LiveMint logoLiveMint 21-05-2014 Ma Jie

Tokyo/Osaka: Honda Motor Co., the world’s biggest maker of motorcycles, lowered its forecast for India’s two-wheeler market as economic growth in the region cools.

“Industry deliveries will probably expand to 20 to 25 million units by 2020 in India, fewer than Honda’s earlier forecast of 30 million,” Shinji Aoyama, operating officer in charge of motorcycle operations, said in an interview on Tuesday. Motorcycles accounted for more than 20% of the Tokyo- based company’s operating profit last fiscal year.
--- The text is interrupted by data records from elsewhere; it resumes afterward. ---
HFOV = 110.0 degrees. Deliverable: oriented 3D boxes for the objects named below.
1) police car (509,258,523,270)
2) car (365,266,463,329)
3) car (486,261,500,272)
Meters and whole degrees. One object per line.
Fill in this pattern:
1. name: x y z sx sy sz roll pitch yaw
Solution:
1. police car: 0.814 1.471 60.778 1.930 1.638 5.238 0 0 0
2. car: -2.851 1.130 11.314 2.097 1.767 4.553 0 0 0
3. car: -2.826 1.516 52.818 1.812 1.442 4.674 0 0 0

India’s economic growth will probably hold below 5% for a third straight year in 2014, amid expectations incoming Prime Minister Narendra Modi will moves to spur investment and tame inflation. Two-wheelers were the only vehicle segment in the country that expanded in the year ended in March, with deliveries rising 7.3% to 14.8 million units, falling short of Honda’s expectation.
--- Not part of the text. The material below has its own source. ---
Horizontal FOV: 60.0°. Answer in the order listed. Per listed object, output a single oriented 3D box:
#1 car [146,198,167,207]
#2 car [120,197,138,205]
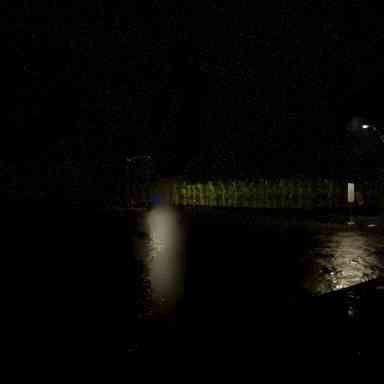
[{"bbox_3d":[-5.730,1.665,53.926,1.812,1.442,4.674,-1,0,-36],"label":"car"},{"bbox_3d":[-11.810,1.685,62.120,1.837,1.490,4.892,-1,0,-36],"label":"car"}]

“We thought about three years ago the Indian market could reach 16 million to 18 million units by now,” said Aoyama at Honda’s Tokyo headquarters. “The market is not growing as fast as we expected, even though Honda sales are in line with our own projections.”

Honda sales in India rose 37% to 3.6 million units last fiscal year, making it the second-largest two-wheeler maker in the country, after former partner Hero MotoCorp Ltd. Its market share rose to 26% in the January-March quarter, compared with 12% in 2009.

Gujarat plant

The car maker is opening a fourth motorcycle plant in India’s Gujarat in the second half of fiscal year 2015, which will bring its capacity to about 5.8 million units a year, said Aoyama. Honda will have a total of 3,400 sales and service dealers by March, 2015, which will probably increase to 5,000 in a few years, according to Aoyama.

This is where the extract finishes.